Well guys, through alot of hard work and some very generous sponsors, this years tournament is headed in a great direction.  We have gift certificates from El Capitan fishing center, Strongarm Products and Garcias Seafood restaurant, numerous rod and reel setups donated by B & F Marine and River marine, Paintings donated by Finsart.com, all shirts donated by Jordan Valley Graphics, Captains bags donated by Garcias Seafood restaurant and the goodies for the bags were donated by B & F marine and Dons Bait and Tackle, a Towable tube donated by Land N Sea, Guy Harvey Magazine for promotions, Ocean Promotions for the spot at the Miami Marine Flea Market and BEST of all a 2011 Custom Gheenoe LT 25 Boat and  a custom 2011 aluminum trailer donated by Caribbean Trailers. We will also be holding a silent auction for the original painting of the logo for this years tournament that was also donated by Finsart.com. The registration forms are on the site, Please support our cause by registering, buying raffle tickets or just simply making a donation to the Autism Society Of Miami Dade.

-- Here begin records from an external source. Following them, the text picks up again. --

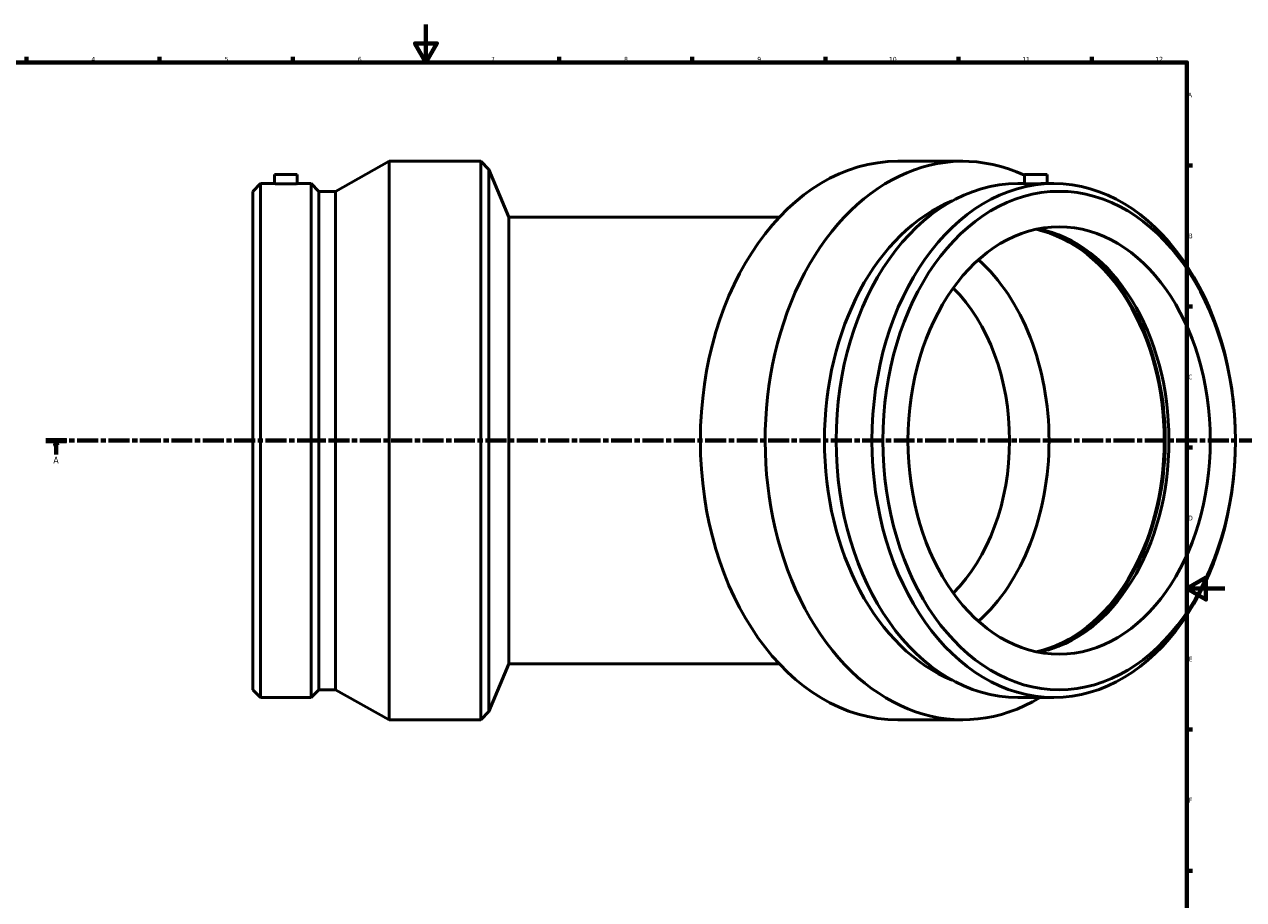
# Model space of a CAD drawing. Header units: millimetres. Extents: x -504 to 1562, y -327 to 1364.
# Tile 3 of 8: x 209 to 851, y 133 to 594. Entities that reach past the tile are written whole.
import ezdxf

# ---------------------------------------------------------------- set-up
doc = ezdxf.new("R2010")
doc.units = ezdxf.units.MM
doc.linetypes.add('CHAIN', pattern=[0.3543, 0.2362, -0.0295, 0.0591, -0.0295])
for name, color, linetype, lineweight in [('Border (ISO)', 7, 'Continuous', 70), ('Section Line (ISO)', 7, 'CHAIN', 70), ('Visible (ISO)', 7, 'Continuous', 50)]:
    doc.layers.add(name, color=color, linetype=linetype, lineweight=lineweight)
doc.styles.add('Label Text (ISO)', font='tahoma.ttf')
doc.styles.add('Note Text (ISO)', font='tahoma.ttf')

# ---------------------------------------------------------------- blocks, each defined once
blk = doc.blocks.new('Borders Default Border')
at = {"layer": 'Border (ISO)'}
for p, q in [((210.25, 574), (210.25, 576.9)), ((280.33, 574), (280.33, 576.9)), ((350.42, 574), (350.42, 576.9)), ((490.58, 574), (490.58, 576.9)), ((560.67, 574), (560.67, 576.9)), ((630.75, 574), (630.75, 576.9)), ((700.83, 574), (700.83, 576.9)), ((770.92, 574), (770.92, 576.9)), ((821, 519.75), (823.9, 519.75)), ((821, 445.5), (823.9, 445.5)), ((821, 371.25), (823.9, 371.25)), ((821, 222.75), (823.9, 222.75)), ((821, 148.5), (823.9, 148.5))]:
    blk.add_line(p, q, dxfattribs=at)
at = {"layer": 'Border (ISO)', "flags": 128}
for points in [[(420.5, 594), (420.5, 574), (414.73, 584), (426.27, 584), (420.5, 574)], [(20, 20), (20, 574), (821, 574), (821, 20), (20, 20)], [(841, 297), (821, 297), (831, 302.77), (831, 291.23), (821, 297)]]:
    blk.add_lwpolyline(points, dxfattribs=at)
at = {"layer": 'Border (ISO)', "color": 232, "true_color": 0xca0064, "char_height": 2.5, "attachment_point": 7, "style": 'Note Text (ISO)'}
for s, insert in [('4', (244.42, 574.4)), ('5', (314.64, 574.35)), ('6', (384.66, 574.35)), ('7', (454.77, 574.4)), ('8', (524.81, 574.34)), ('9', (594.88, 574.35)), ('10', (664.29, 574.35)), ('11', (734.37, 574.4)), ('12', (804.46, 574.4)), ('A', (821.59, 555.62)), ('B', (821.89, 481.37)), ('C', (821.73, 407.08)), ('D', (821.73, 332.88)), ('E', (821.94, 258.63)), ('F', (822, 184.38))]:
    blk.add_mtext(s, dxfattribs=dict(at, insert=insert))
blk = doc.blocks.new('2dTransSection0')
at = {"layer": 'Section Line (ISO)', "linetype": 'CHAIN', "ltscale": 46.650017}
blk.add_line((220.42, 374.93), (958.59, 374.93), dxfattribs=at)
at = {"layer": 'Section Line (ISO)', "linetype": 'Continuous', "lineweight": 140}
blk.add_line((220.42, 374.93), (231.35, 374.93), dxfattribs=at)
at = {"layer": 'Section Line (ISO)', "linetype": 'Continuous'}
for p, q in [((225.89, 374.93), (225.39, 372.43)), ((225.39, 372.43), (226.39, 372.43)), ((225.89, 372.43), (225.89, 374.93)), ((226.39, 372.43), (225.89, 374.93)), ((225.89, 367.52), (225.89, 372.43))]:
    blk.add_line(p, q, dxfattribs=at)
at = {"layer": 'Section Line (ISO)', "linetype": 'Continuous', "flags": 128}
blk.add_lwpolyline([(226.39, 372.43), (225.89, 374.93), (225.39, 372.43), (226.39, 372.43)], dxfattribs=at)
at = {"layer": 'Section Line (ISO)'}
blk.add_solid([(226.39, 372.43), (225.89, 374.93), (225.39, 372.43), (226.39, 372.43)], dxfattribs=at)
at = {"layer": 'Section Line (ISO)', "insert": (224.4, 362.93), "char_height": 3.5, "attachment_point": 7, "style": 'Label Text (ISO)'}
blk.add_mtext('A', dxfattribs=at)

msp = doc.modelspace()

# ---------------------------------------------------------------- linework, layer by layer
at = {"layer": 'Visible (ISO)'}
for p, q in [((372.875, 506.11), (401.166, 521.927)), ((401.166, 227.927), (401.166, 521.927)), ((401.166, 521.927), (449.375, 521.927)), ((449.375, 227.927), (449.375, 521.927)), ((453.681, 517.622), (449.375, 521.927)), ((702.982, 521.927), (668.893, 521.927)), ((340.775, 514.927), (352.775, 514.927)), ((340.775, 514.927), (340.775, 510.167)), ((352.775, 514.927), (352.775, 510.167)), ((453.681, 232.233), (453.681, 517.622)), ((464.075, 492.527), (453.681, 517.622)), ((735.442, 514.927), (747.442, 514.927)), ((735.442, 514.927), (735.442, 510.101)), ((747.442, 514.927), (747.442, 510.167)), ((329.375, 506.11), (333.432, 510.167)), ((333.432, 239.687), (333.432, 510.167)), ((333.432, 510.167), (340.775, 510.167)), ((352.775, 510.167), (360.118, 510.167)), ((360.118, 239.687), (360.118, 510.167)), ((364.175, 506.11), (360.118, 510.167)), ((735.442, 510.167), (732.008, 510.167)), ((750.877, 510.167), (745.685, 510.167)), ((329.375, 243.745), (329.375, 506.11)), ((364.175, 243.745), (364.175, 506.11)), ((364.175, 506.11), (372.875, 506.11)), ((372.875, 243.745), (372.875, 506.11)), ((464.075, 492.527), (464.075, 257.327)), ((606.526, 492.527), (464.075, 492.527)), ((464.075, 257.327), (453.681, 232.233)), ((464.075, 257.327), (606.526, 257.327)), ((329.375, 243.745), (333.432, 239.687)), ((333.432, 239.687), (360.118, 239.687)), ((364.175, 243.745), (360.118, 239.687)), ((364.175, 243.745), (372.875, 243.745)), ((372.875, 243.745), (401.166, 227.927)), ((750.877, 239.687), (732.008, 239.687)), ((453.681, 232.233), (449.375, 227.927)), ((401.166, 227.927), (449.375, 227.927)), ((702.982, 227.927), (668.893, 227.927))]:
    msp.add_line(p, q, dxfattribs=at)
for centre, major_axis, start_param, end_param in [((702.982, 374.927), (0, -147), 2.8239986, 6.6859011), ((668.893, 374.927), (0, -147), 3.1415927, 6.2831853), ((732.008, 374.927), (0, -135.24), 3.1415927, 6.2831853), ((722.987, 374.927), (0, -131.183), 3.4194819, 6.0052961), ((729.514, 374.927), (0, 112.5), 3.2944931, 6.1302848), ((732.008, 374.927), (0, 112.5), 3.2786561, 6.1461219), ((729.514, 374.927), (0, 113.249), 3.3710204, 6.0537576), ((668.893, 374.927), (0, -112.5), 0.5625362, 2.5790564), ((658.499, 374.927), (0, -97.8), 0.60811, 2.5334826)]:
    msp.add_ellipse(centre, major_axis=major_axis, ratio=0.7071068, start_param=start_param, end_param=end_param, dxfattribs=at)
for centre, major_axis in [((750.877, 374.927), (0, -135.24)), ((753.746, 374.927), (0, -131.183)), ((753.746, 374.927), (0, -112.5))]:
    msp.add_ellipse(centre, major_axis=major_axis, ratio=0.7071068, dxfattribs=at)
for points, knots in [([(352.775, 510.167), (352.775, 510.167), (352.624, 510.16), (352.012, 510.135), (351.55, 510.118), (350.485, 510.084), (349.81, 510.066), (348.332, 510.041), (347.529, 510.034), (346.022, 510.034), (345.218, 510.041), (343.74, 510.066), (343.065, 510.084), (342, 510.118), (341.538, 510.135), (340.926, 510.16), (340.775, 510.167), (340.775, 510.167)], [0.9041754, 0.9041754, 0.9041754, 0.9041754, 1.1302192, 1.1302192, 1.356263, 1.356263, 1.5823069, 1.5823069, 1.8083507, 1.8083507, 2.0343946, 2.0343946, 2.2604384, 2.2604384, 2.4864822, 2.4864822, 2.7125261, 2.7125261, 2.7125261, 2.7125261]), ([(737.2, 510.034), (736.667, 510.034), (736.205, 510.041), (735.593, 510.066), (735.442, 510.084), (735.442, 510.101)], [0, 0, 0, 0, 0.22604385, 0.22604385, 0.45208771, 0.45208771, 0.45208771, 0.45208771]), ([(745.685, 510.167), (745.152, 510.167), (744.477, 510.16), (742.999, 510.135), (742.196, 510.118), (740.689, 510.084), (739.885, 510.066), (738.407, 510.041), (737.732, 510.034), (737.2, 510.034)], [2.71252606, 2.71252606, 2.71252606, 2.71252606, 2.93856989, 2.93856989, 3.16461371, 3.16461371, 3.39065756, 3.39065756, 3.61670142, 3.61670142, 3.61670142, 3.61670142])]:
    msp.add_open_spline(points, degree=3, knots=knots, dxfattribs=at)

# ---------------------------------------------------------------- block references
msp.add_blockref('Borders Default Border', (0, 0))
at = {"layer": 'Section Line (ISO)'}
msp.add_blockref('2dTransSection0', (0, 0), dxfattribs=at)

doc.saveas('drawing.dxf')
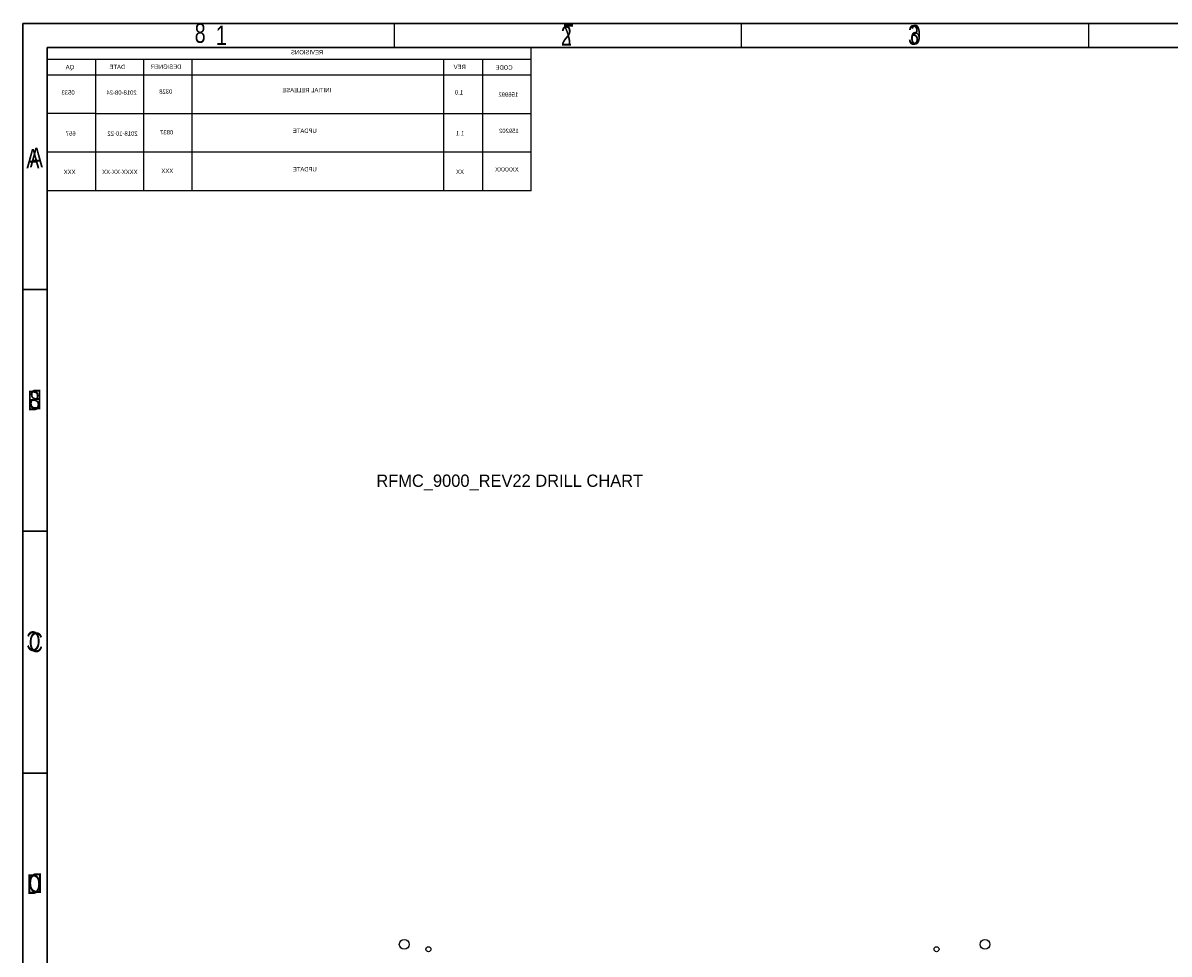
# Model space of a CAD drawing. Extents: x -70 to 514, y -134 to 276.
# Tile 11 of 18: x -70 to 166, y 83 to 276. Entities that reach past the tile are written whole.
import ezdxf

# ---------------------------------------------------------------- set-up
doc = ezdxf.new("R2010")
doc.units = 0
for name, color, linetype in [('BOARD_GEOMETRY_DIMENSION', 2, 'CONTINUOUS'), ('BOARD_GEOMETRY_SILKSCREEN_B', 1, 'CONTINUOUS'), ('PIN_B', 5, 'CONTINUOUS')]:
    doc.layers.add(name, color=color, linetype=linetype)

msp = doc.modelspace()

# ---------------------------------------------------------------- linework, layer by layer
at = {"layer": 'BOARD_GEOMETRY_DIMENSION'}
for points in [[(-70.485, -134.471156), (513.514848, -134.471156), (513.514848, 275.52904), (-70.485, 275.52904), (-70.485, -134.471156)], [(6.26491, 270.528796), (6.26491, 275.528786)], [(78.01483, 270.528796), (78.01483, 275.528786)], [(149.765004, 270.528796), (149.765004, 275.528786)], [(508.514858, 270.528796), (-65.48501, 270.528796)], [(-65.48501, 270.528796), (-65.48501, -129.471166)], [(-65.48501, 220.528896), (-70.485, 220.528896)], [(-65.48501, 170.528742), (-70.485, 170.528742)], [(-65.48501, 120.528842), (-70.485, 120.528842)]]:
    msp.add_lwpolyline(points, dxfattribs=at)
at = {"layer": 'BOARD_GEOMETRY_SILKSCREEN_B'}
for points in [[(513.515102, -134.471156), (-70.484746, -134.471156), (-70.484746, 275.52904), (513.515102, 275.52904), (513.515102, -134.471156)], [(6.265164, 270.528796), (6.265164, 275.528786)], [(78.015084, 270.528796), (78.015084, 275.528786)], [(149.765258, 270.528796), (149.765258, 275.528786)], [(-65.484756, 270.528796), (508.515112, 270.528796)], [(-65.484756, -129.471166), (-65.484756, 270.528796)], [(24.515318, 256.878836), (34.515044, 256.878836), (34.515044, 270.528796)], [(34.515044, 268.068806), (-65.484756, 268.068806)], [(-55.484776, 268.068806), (-55.484776, 256.878836), (-65.484756, 256.878836)], [(-55.484776, 256.878836), (-45.484796, 256.878836), (-45.484796, 268.068806)], [(-45.484796, 256.878836), (-35.484816, 256.878836), (-35.484816, 268.068806)], [(-35.484816, 256.878836), (16.515334, 256.878836), (16.515334, 268.068806)], [(16.515334, 256.878836), (24.515318, 256.878836), (24.515318, 268.068806)], [(34.515044, 264.846816), (-65.484756, 264.846816)], [(-55.484776, 256.878836), (-55.484776, 248.910856)], [(-45.484796, 248.910856), (-45.484796, 256.878836)], [(-35.484816, 248.910856), (-35.484816, 256.878836)], [(16.515334, 248.910856), (16.515334, 256.878836)], [(24.515318, 248.910856), (24.515318, 256.878836)], [(34.515044, 248.910856), (34.515044, 256.878836)], [(-55.484776, 248.910856), (-65.484756, 248.910856)], [(34.515044, 248.910856), (-55.484776, 248.910856)], [(-55.484776, 248.910856), (-55.484776, 240.942876)], [(-45.484796, 240.942876), (-45.484796, 248.910856)], [(-35.484816, 240.942876), (-35.484816, 248.910856)], [(16.515334, 240.942876), (16.515334, 248.910856)], [(24.515318, 240.942876), (24.515318, 248.910856)], [(34.515044, 240.942876), (34.515044, 248.910856)], [(-55.484776, 240.942876), (-65.484756, 240.942876)], [(34.515044, 240.942876), (-55.484776, 240.942876)], [(-70.484746, 220.528896), (-65.484756, 220.528896)], [(-70.484746, 170.528742), (-65.484756, 170.528742)], [(-70.484746, 120.528842), (-65.484756, 120.528842)]]:
    msp.add_lwpolyline(points, dxfattribs=at)
at = {"layer": 'PIN_B'}
for centre, radius in [((8.299958, 85.09889), 1.016), ((128.299718, 85.09889), 1.016), ((13.299948, 84.098892), 0.508), ((118.299738, 84.098892), 0.508)]:
    msp.add_circle(centre, radius, dxfattribs=at)

# ---------------------------------------------------------------- texts
at = {"layer": 'BOARD_GEOMETRY_DIMENSION', "width": 0.75}
for s, p in [('1', (-30.610048, 271.028922)), ('2', (40.670734, 270.928592)), ('2', (40.670734, 270.928338)), ('3', (112.407192, 271.111726)), ('3', (112.407192, 271.111472)), ('A', (-69.784976, 245.528846)), ('B', (-69.585078, 195.528692)), ('C', (-69.291962, 145.528792)), ('D', (-69.69887, 95.528892))]:
    msp.add_text(s, height=4.064, dxfattribs=at).set_placement(p)
at = {"layer": 'BOARD_GEOMETRY_DIMENSION'}
msp.add_text('RFMC_9000_REV22 DRILL CHART', height=2.54, dxfattribs=at).set_placement((2.54, 179.705))
at = {"layer": 'BOARD_GEOMETRY_SILKSCREEN_B', "text_generation_flag": 2}
for s, height, width, p in [('8', 4.064, 0.75, (-32.728662, 271.504918)), ('7', 4.064, 0.75, (43.389804, 271.257522)), ('6', 4.064, 0.75, (115.119404, 271.167606)), ('REVISIONS', 0.889, 0.942857, (-8.441436, 269.131034)), ('QA', 0.889, 0.942857, (-59.888628, 266.044934)), ('DATE', 0.889, 0.942857, (-49.335436, 266.083034)), ('DESIGNER', 0.889, 0.942857, (-37.728652, 266.13993)), ('REV', 0.889, 0.942857, (21.022564, 266.083034)), ('CODE', 0.889, 0.942857, (30.70225, 265.96467)), ('0533', 0.889, 0.942857, (-59.793632, 260.782308)), ('2018-08-24', 0.889, 0.942857, (-46.97857, 260.787388)), ('0328', 0.889, 0.942857, (-39.60876, 261.022338)), ('INITIAL RELEASE', 0.889, 0.942857, (-6.798564, 261.29996)), ('1.0', 0.889, 0.942857, (20.457414, 260.822948)), ('156992', 0.889, 0.942857, (31.848298, 260.374638)), ('0837', 0.889, 0.942857, (-39.418768, 252.57252)), ('UPDATE', 0.889, 0.942857, (-9.773666, 252.894846)), ('159202', 0.889, 0.942857, (31.962598, 252.861318)), ('657', 0.889, 0.942857, (-59.60364, 252.33249)), ('2018-10-22', 0.889, 0.942857, (-46.788578, 252.337316)), ('1.1', 0.889, 0.942857, (20.647406, 252.372876)), ('A', 4.064, 0.75, (-66.335148, 245.757446)), ('XXX', 0.889, 0.942857, (-59.60364, 244.36451)), ('XXXX-XX-XX', 0.889, 0.942857, (-46.788578, 244.369336)), ('XXX', 0.889, 0.942857, (-39.418768, 244.60454)), ('UPDATE', 0.889, 0.942857, (-9.773666, 244.926866)), ('XX', 0.889, 0.942857, (20.647406, 244.404896)), ('XXXXXX', 0.889, 0.942857, (31.962598, 244.893338)), ('B', 4.064, 0.75, (-66.5353, 195.757292)), ('C', 4.064, 0.75, (-66.828416, 145.757392)), ('D', 4.064, 0.75, (-66.421254, 95.757492))]:
    msp.add_text(s, height=height, dxfattribs=dict(at, width=width)).set_placement(p)

doc.saveas('drawing.dxf')

*THANK YOU FOR YOUR SUPPORT *


----------



## tguasjr (Mar 9, 2009)

Well folks, we are two weeks away from this awesome event. I just wanted to send out a quick reminder for the tournament and give a brief update as to where we are. We are still selling raffle tickets for the boat and trailer and accepting entry forms. Please try to sign up as early as possible since we have to estimate the food we are going to need. We will be having our Captains Meeting on Friday June 3 at Lil Hoolies sports bar again at 7pm. You can leave from any marina and lines in is at 7am, on the honor system. We have extended the fishing time by 1 hour since we have extended sunlight this year. You must be back at the weigh in station by 4pm. We will have Smoky Dans BBQ, Guy Harvey Magazine, Millers Ale House, Lit Cigars, a bounce house and crafts table for the kids, D.J. Juan Perez and other goodies the day of the tournament. We will also be selling tickets for the general raffle like last year. We will be raffling off gift certificates, fishing rods, paintings and other goodies. We are going to have a silent auction for several items and for the original painting of this years logo by Chris Howard of Finsart.com. Please come out and join us for a fun filled day with family and friends all benefitting the Autism Society of Miami Dade. Thank you for your support.
Orestes "Tico" Guas, Jr.
www.autismfishing.com


----------



## tguasjr (Mar 9, 2009)

Check out the trailer for the tournament
http://www.youtube.com/watch?v=rOJu0Piv0_c


----------



## Kateharley (Jul 26, 2011)

Thanks for the link tico..!
Nice trailer..
enjoyed watching it.... 

Cheers..


----------